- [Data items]
▶

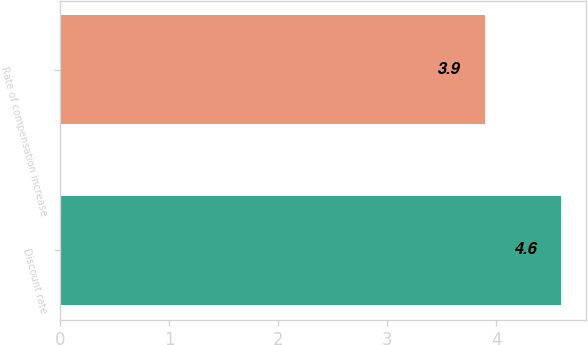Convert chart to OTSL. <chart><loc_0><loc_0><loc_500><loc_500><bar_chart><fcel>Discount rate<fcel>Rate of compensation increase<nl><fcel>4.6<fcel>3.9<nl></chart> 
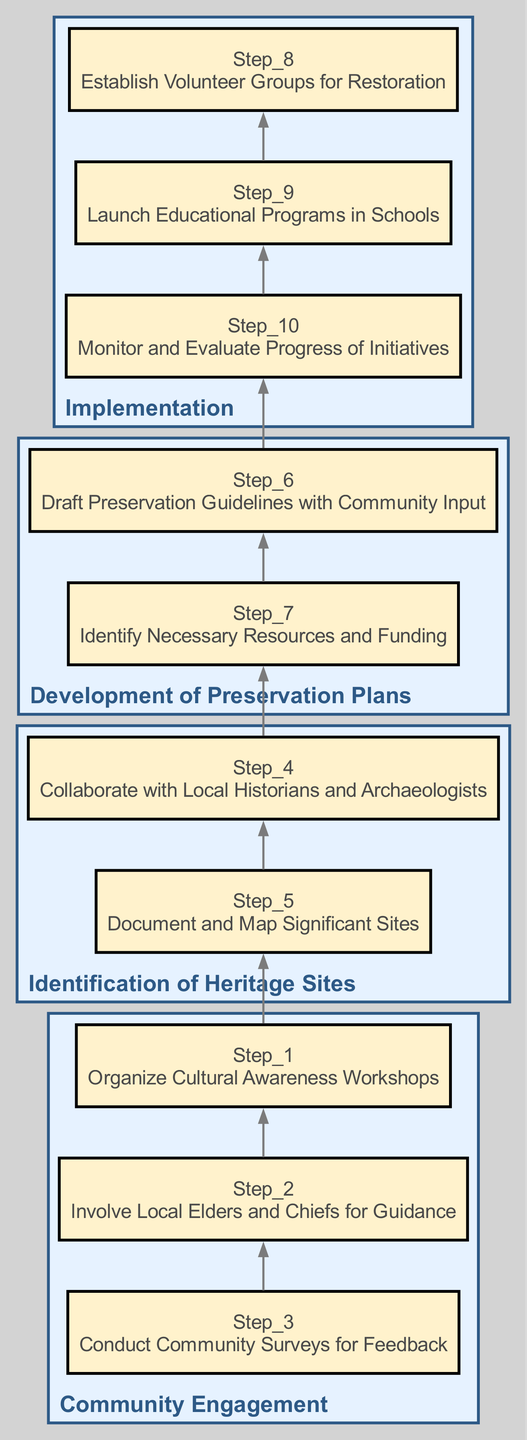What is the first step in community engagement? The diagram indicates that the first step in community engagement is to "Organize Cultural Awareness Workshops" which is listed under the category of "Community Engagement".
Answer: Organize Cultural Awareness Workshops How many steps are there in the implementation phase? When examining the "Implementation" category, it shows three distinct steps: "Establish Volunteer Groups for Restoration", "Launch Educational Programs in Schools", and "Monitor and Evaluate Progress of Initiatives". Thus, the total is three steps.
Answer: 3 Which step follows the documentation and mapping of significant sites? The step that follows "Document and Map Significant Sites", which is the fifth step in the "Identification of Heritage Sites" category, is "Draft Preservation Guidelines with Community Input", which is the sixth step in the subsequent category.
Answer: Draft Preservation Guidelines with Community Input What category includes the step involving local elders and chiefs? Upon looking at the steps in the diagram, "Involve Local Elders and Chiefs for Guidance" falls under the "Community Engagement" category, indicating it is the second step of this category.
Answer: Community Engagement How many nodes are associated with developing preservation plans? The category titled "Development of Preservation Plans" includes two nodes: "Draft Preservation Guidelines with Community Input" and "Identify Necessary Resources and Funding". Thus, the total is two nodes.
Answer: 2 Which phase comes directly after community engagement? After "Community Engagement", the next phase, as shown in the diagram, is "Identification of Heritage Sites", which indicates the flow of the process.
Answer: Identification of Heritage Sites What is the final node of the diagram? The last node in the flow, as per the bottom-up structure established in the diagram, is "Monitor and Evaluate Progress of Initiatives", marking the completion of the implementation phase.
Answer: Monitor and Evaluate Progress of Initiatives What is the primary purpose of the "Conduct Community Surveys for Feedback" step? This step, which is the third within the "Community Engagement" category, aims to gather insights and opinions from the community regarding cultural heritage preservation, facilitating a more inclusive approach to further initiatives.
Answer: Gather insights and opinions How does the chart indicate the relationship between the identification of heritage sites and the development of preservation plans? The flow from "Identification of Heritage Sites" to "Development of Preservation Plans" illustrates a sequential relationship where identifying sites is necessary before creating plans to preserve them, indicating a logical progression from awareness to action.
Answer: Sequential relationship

◀

- [YOUR OBJECTIVE] Starting at the line that contains "Answer: Gather insights", return every line through the last one above, exactly as written.

- [WRITTEN RESPONSE]
Answer: Gather insights and opinions How does the chart indicate the relationship between the identification of heritage sites and the development of preservation plans? The flow from "Identification of Heritage Sites" to "Development of Preservation Plans" illustrates a sequential relationship where identifying sites is necessary before creating plans to preserve them, indicating a logical progression from awareness to action.
Answer: Sequential relationship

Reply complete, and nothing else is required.